What needs to be done: Transcribe exactly the lines that fall between the one holding "text Dank u wel, minister." and the one holding "text Mevrouw Paulien", inclusive, from the entries below.

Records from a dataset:
Segment Open
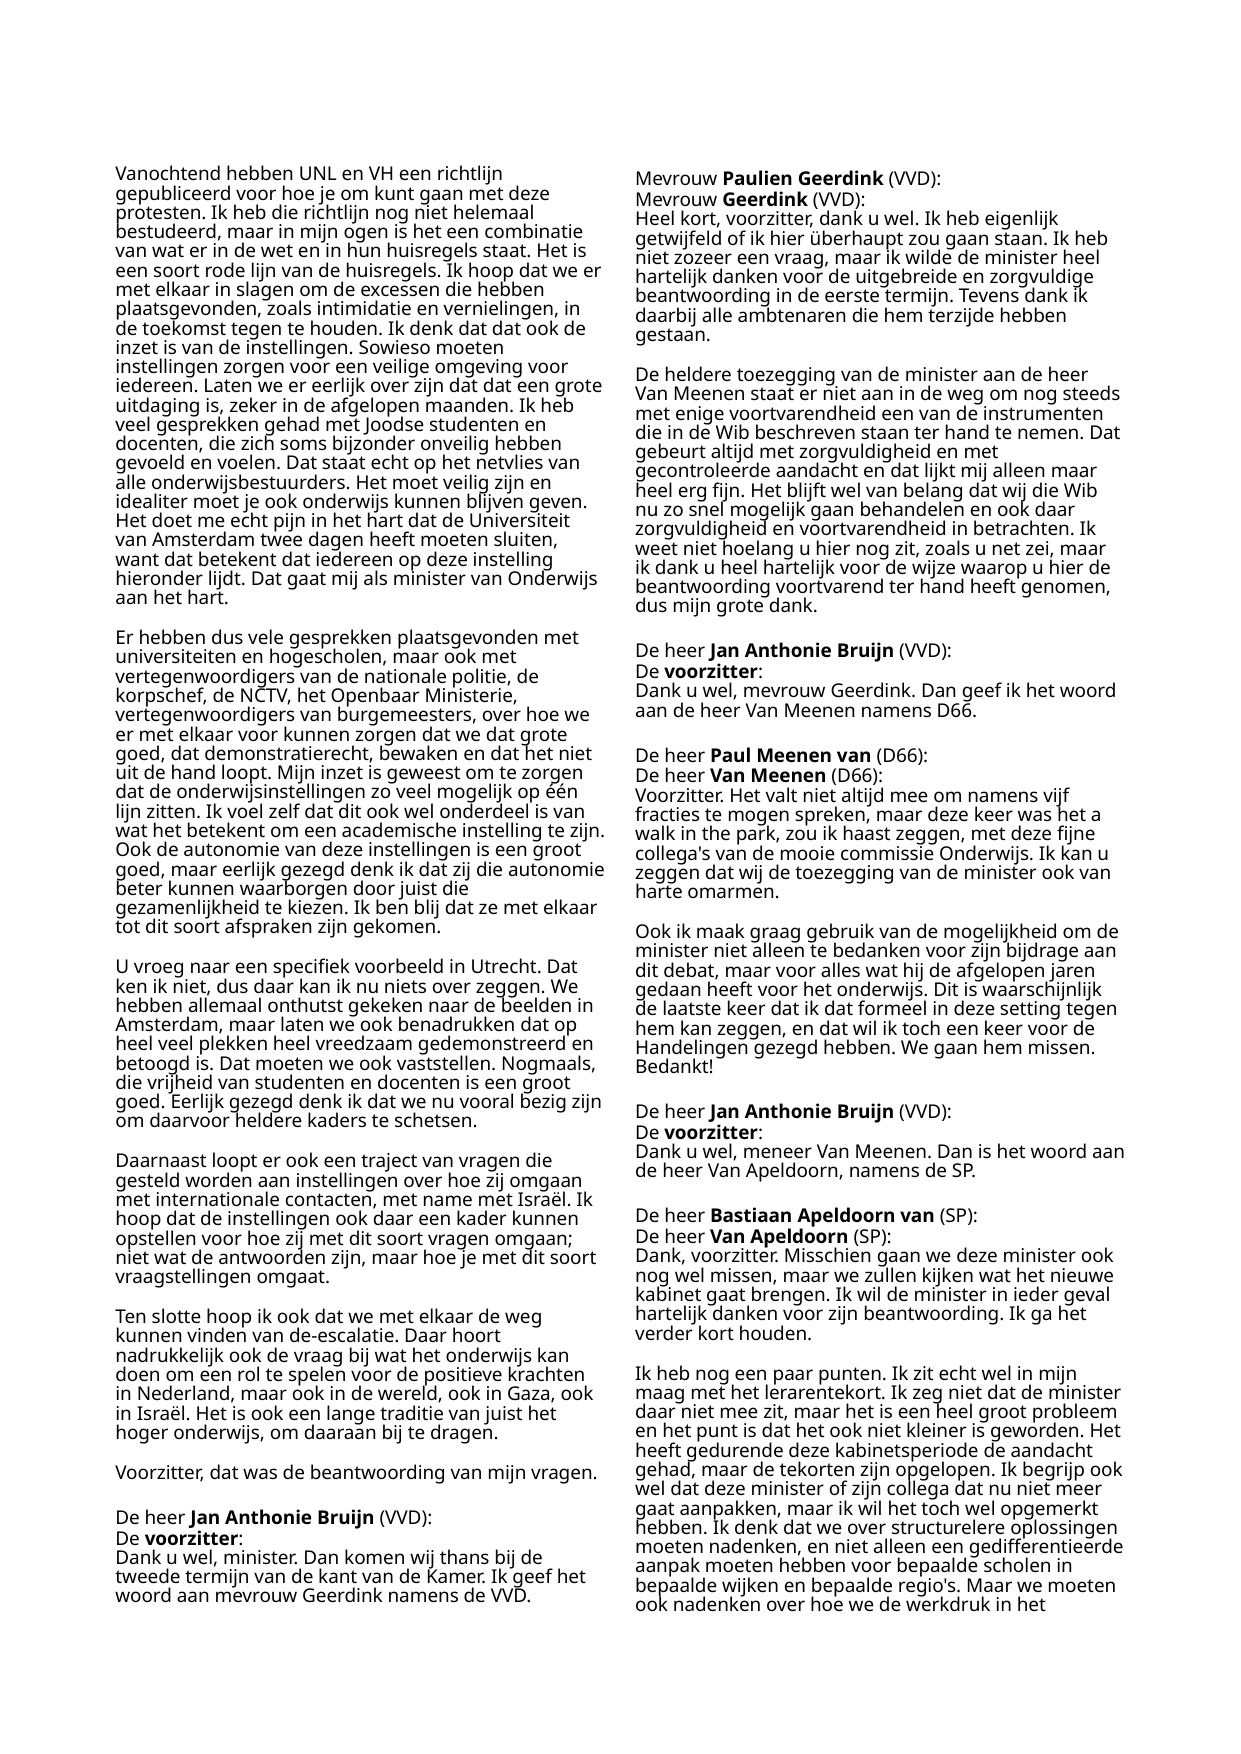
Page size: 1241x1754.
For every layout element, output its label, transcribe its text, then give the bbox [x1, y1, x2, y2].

text Ik heb nog een paar punten. Ik zit echt wel in mijn maag met het lerarentekort. Ik zeg niet dat de minister daar niet mee zit, maar het is een heel groot probleem en het punt is dat het ook niet kleiner is geworden. Het heeft gedurende deze kabinetsperiode de aandacht gehad, maar de tekorten zijn opgelopen. Ik begrijp ook wel dat deze minister of zijn collega dat nu niet meer gaat aanpakken, maar ik wil het toch wel opgemerkt hebben. Ik denk dat we over structurelere oplossingen moeten nadenken, en niet alleen een gedifferentieerde aanpak moeten hebben voor bepaalde scholen in bepaalde wijken en bepaalde regio's. Maar we moeten ook nadenken over hoe we de werkdruk in het [635, 1364, 1125, 1615]
text Heel kort, voorzitter, dank u wel. Ik heb eigenlijk getwijfeld of ik hier überhaupt zou gaan staan. Ik heb niet zozeer een vraag, maar ik wilde de minister heel hartelijk danken voor de uitgebreide en zorgvuldige beantwoording in de eerste termijn. Tevens dank ik daarbij alle ambtenaren die hem terzijde hebben gestaan. [635, 210, 1125, 345]
text De voorzitter: [115, 1529, 605, 1549]
text De heer Jan Anthonie Bruijn (VVD): [635, 637, 1125, 663]
text De heer Jan Anthonie Bruijn (VVD): [115, 1504, 605, 1529]
text De heldere toezegging van de minister aan de heer Van Meenen staat er niet aan in de weg om nog steeds met enige voortvarendheid een van de instrumenten die in de Wib beschreven staan ter hand te nemen. Dat gebeurt altijd met zorgvuldigheid en met gecontroleerde aandacht en dat lijkt mij alleen maar heel erg fijn. Het blijft wel van belang dat wij die Wib nu zo snel mogelijk gaan behandelen en ook daar zorgvuldigheid en voortvarendheid in betrachten. Ik weet niet hoelang u hier nog zit, zoals u net zei, maar ik dank u heel hartelijk voor de wijze waarop u hier de beantwoording voortvarend ter hand heeft genomen, dus mijn grote dank. [635, 366, 1125, 617]
text De heer Van Meenen (D66): [635, 767, 1125, 787]
text De heer Van Apeldoorn (SP): [635, 1228, 1125, 1247]
text De voorzitter: [635, 1124, 1125, 1143]
text Voorzitter. Het valt niet altijd mee om namens vijf fracties te mogen spreken, maar deze keer was het a walk in the park, zou ik haast zeggen, met deze fijne collega's van de mooie commissie Onderwijs. Ik kan u zeggen dat wij de toezegging van de minister ook van harte omarmen. [635, 787, 1125, 902]
text De heer Paul Meenen van (D66): [635, 742, 1125, 767]
text U vroeg naar een specifiek voorbeeld in Utrecht. Dat ken ik niet, dus daar kan ik nu niets over zeggen. We hebben allemaal onthutst gekeken naar de beelden in Amsterdam, maar laten we ook benadrukken dat op heel veel plekken heel vreedzaam gedemonstreerd en betoogd is. Dat moeten we ook vaststellen. Nogmaals, die vrijheid van studenten en docenten is een groot goed. Eerlijk gezegd denk ik dat we nu vooral bezig zijn om daarvoor heldere kaders te schetsen. [115, 958, 605, 1132]
text Er hebben dus vele gesprekken plaatsgevonden met universiteiten en hogescholen, maar ook met vertegenwoordigers van de nationale politie, de korpschef, de NCTV, het Openbaar Ministerie, vertegenwoordigers van burgemeesters, over hoe we er met elkaar voor kunnen zorgen dat we dat grote goed, dat demonstratierecht, bewaken en dat het niet uit de hand loopt. Mijn inzet is geweest om te zorgen dat de onderwijsinstellingen zo veel mogelijk op één lijn zitten. Ik voel zelf dat dit ook wel onderdeel is van wat het betekent om een academische instelling te zijn. Ook de autonomie van deze instellingen is een groot goed, maar eerlijk gezegd denk ik dat zij die autonomie beter kunnen waarborgen door juist die gezamenlijkheid te kiezen. Ik ben blij dat ze met elkaar tot dit soort afspraken zijn gekomen. [115, 629, 605, 938]
text Mevrouw Geerdink (VVD): [635, 191, 1125, 210]
text Ook ik maak graag gebruik van de mogelijkheid om de minister niet alleen te bedanken voor zijn bijdrage aan dit debat, maar voor alles wat hij de afgelopen jaren gedaan heeft voor het onderwijs. Dit is waarschijnlijk de laatste keer dat ik dat formeel in deze setting tegen hem kan zeggen, en dat wil ik toch een keer voor de Handelingen gezegd hebben. We gaan hem missen. Bedankt! [635, 923, 1125, 1077]
text De voorzitter: [635, 663, 1125, 682]
text De heer Bastiaan Apeldoorn van (SP): [635, 1202, 1125, 1228]
text De heer Jan Anthonie Bruijn (VVD): [635, 1098, 1125, 1124]
text Dank u wel, minister. Dan komen wij thans bij de tweede termijn van de kant van de Kamer. Ik geef het woord aan mevrouw Geerdink namens de VVD. [115, 1549, 605, 1607]
text Mevrouw Paulien Geerdink (VVD): [635, 165, 1125, 191]
text Ten slotte hoop ik ook dat we met elkaar de weg kunnen vinden van de-escalatie. Daar hoort nadrukkelijk ook de vraag bij wat het onderwijs kan doen om een rol te spelen voor de positieve krachten in Nederland, maar ook in de wereld, ook in Gaza, ook in Israël. Het is ook een lange traditie van juist het hoger onderwijs, om daaraan bij te dragen. [115, 1308, 605, 1443]
text Dank u wel, mevrouw Geerdink. Dan geef ik het woord aan de heer Van Meenen namens D66. [635, 682, 1125, 721]
text Voorzitter, dat was de beantwoording van mijn vragen. [115, 1464, 605, 1483]
text Daarnaast loopt er ook een traject van vragen die gesteld worden aan instellingen over hoe zij omgaan met internationale contacten, met name met Israël. Ik hoop dat de instellingen ook daar een kader kunnen opstellen voor hoe zij met dit soort vragen omgaan; niet wat de antwoorden zijn, maar hoe je met dit soort vraagstellingen omgaat. [115, 1152, 605, 1287]
text Dank, voorzitter. Misschien gaan we deze minister ook nog wel missen, maar we zullen kijken wat het nieuwe kabinet gaat brengen. Ik wil de minister in ieder geval hartelijk danken voor zijn beantwoording. Ik ga het verder kort houden. [635, 1247, 1125, 1344]
text Vanochtend hebben UNL en VH een richtlijn gepubliceerd voor hoe je om kunt gaan met deze protesten. Ik heb die richtlijn nog niet helemaal bestudeerd, maar in mijn ogen is het een combinatie van wat er in de wet en in hun huisregels staat. Het is een soort rode lijn van de huisregels. Ik hoop dat we er met elkaar in slagen om de excessen die hebben plaatsgevonden, zoals intimidatie en vernielingen, in de toekomst tegen te houden. Ik denk dat dat ook de inzet is van de instellingen. Sowieso moeten instellingen zorgen voor een veilige omgeving voor iedereen. Laten we er eerlijk over zijn dat dat een grote uitdaging is, zeker in de afgelopen maanden. Ik heb veel gesprekken gehad met Joodse studenten en docenten, die zich soms bijzonder onveilig hebben gevoeld en voelen. Dat staat echt op het netvlies van alle onderwijsbestuurders. Het moet veilig zijn en idealiter moet je ook onderwijs kunnen blijven geven. Het doet me echt pijn in het hart dat de Universiteit van Amsterdam twee dagen heeft moeten sluiten, want dat betekent dat iedereen op deze instelling hieronder lijdt. Dat gaat mij als minister van Onderwijs aan het hart. [115, 165, 605, 608]
text Dank u wel, meneer Van Meenen. Dan is het woord aan de heer Van Apeldoorn, namens de SP. [635, 1143, 1125, 1182]
Segment Closed
Output for this task:
text Dank u wel, minister. Dan komen wij thans bij de tweede termijn van de kant van de Kamer. Ik geef het woord aan mevrouw Geerdink namens de VVD. [115, 1549, 605, 1607]
text Mevrouw Paulien Geerdink (VVD): [635, 165, 1125, 191]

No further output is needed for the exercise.